My file contains some lines such as

"This is a string." = "This is a string's content."
" Another \" example \"" = " New example."
"My string
can have several lines." = "My string can have several lines."

I need to extract the substring :

This is a string.
This is a string's content.
 Another \" example \"
 New example.
My string
can have several lines.
My string can have several lines.

Here's my code:

String regex = "\".*?\"\\s*?=\\s*?\".*?\"";
Pattern pattern = Pattern.compile(regex,Pattern.DOTALL);
Matcher matcher = pattern.matcher(file);

For the moment, I can get the pair of left and right part of "=". But when my substring contains " \" ", my regex dosen't do the right job.

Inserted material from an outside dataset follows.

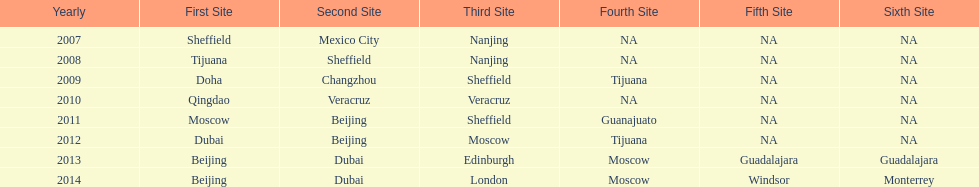Which year featured a greater number of venues, 2007 or 2012? 2012. 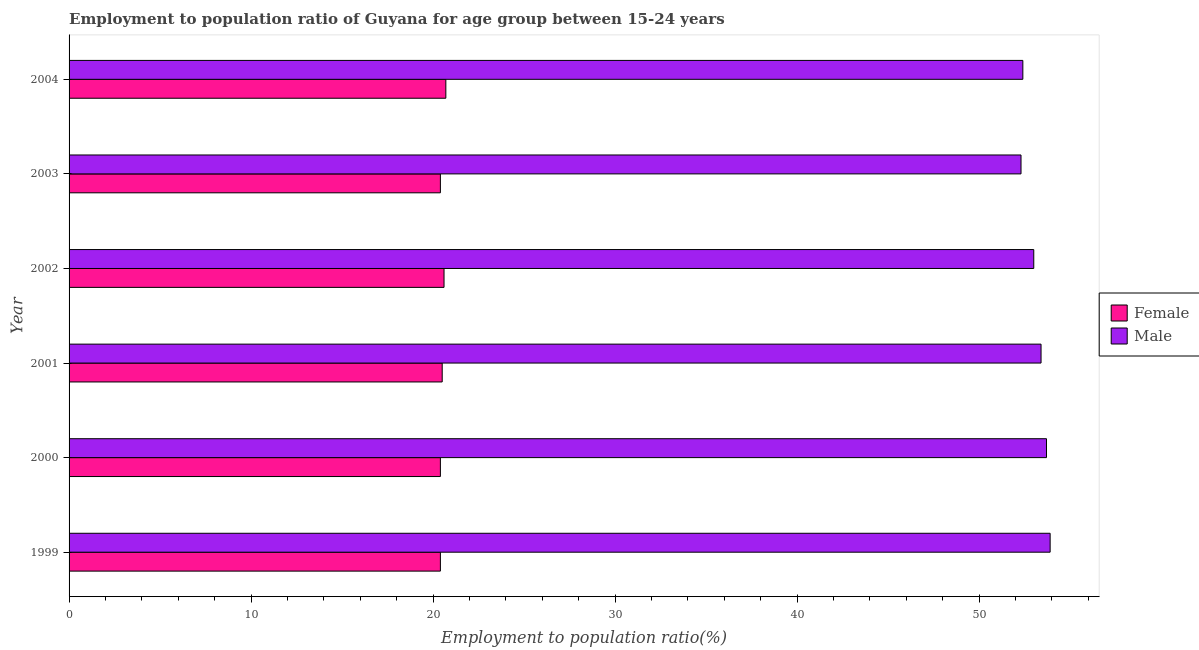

Can anyone help me write the correct regex please ? I tried \"^[\\"] instead of \", but it didn't work..

Thanks advance.

3 Answers3

3
List<String> matchList = new ArrayList<String>();
Pattern regex = Pattern.compile(
    "\"          # Match a quote\n" +
    "(           # Capture in group number 1:\n" +
    " (?:        # Match either...\n" +
    "  \\\\.     # an escaped character\n" +
    " |          # or\n" +
    "  [^\"\\\\] # any character except quotes or backslashes\n" +
    " )*         # Repeat as needed\n" +
    ")           # End of capturing group\n" +
    "\"          # Match a quote", 
    Pattern.COMMENTS);
Matcher regexMatcher = regex.matcher(subjectString);
while (regexMatcher.find()) {
    matchList.add(regexMatcher.group(1));
} 
Tim Pietzcker
  • 328,213
  • 58
  • 503
  • 561
0

I'm sorry that I'm on a location where i can't test this, but does

\".*?(?:[^\\]\")\\s*=\\s*\".*?(?:[^\\]\")

work?

I just replaced the \" with (?:[^\\]\") so they won't match if the char before them is a \ anymore.

ronalchn
  • 12,225
  • 10
  • 51
  • 61
Mitja
  • 1,969
  • 30
  • 35
  • actually, stackoverflow kicked out some backslashes in my last line, but you can see it in the code line correctly (i hope) – Mitja Sep 12 '12 at 09:40
-1
/"([^"\\]*(?:\\.[^"\\]*)*)"/

Source. Also see this previous question.

Community
  • 1
  • 1
mogelbrod
  • 2,246
  • 19
  • 20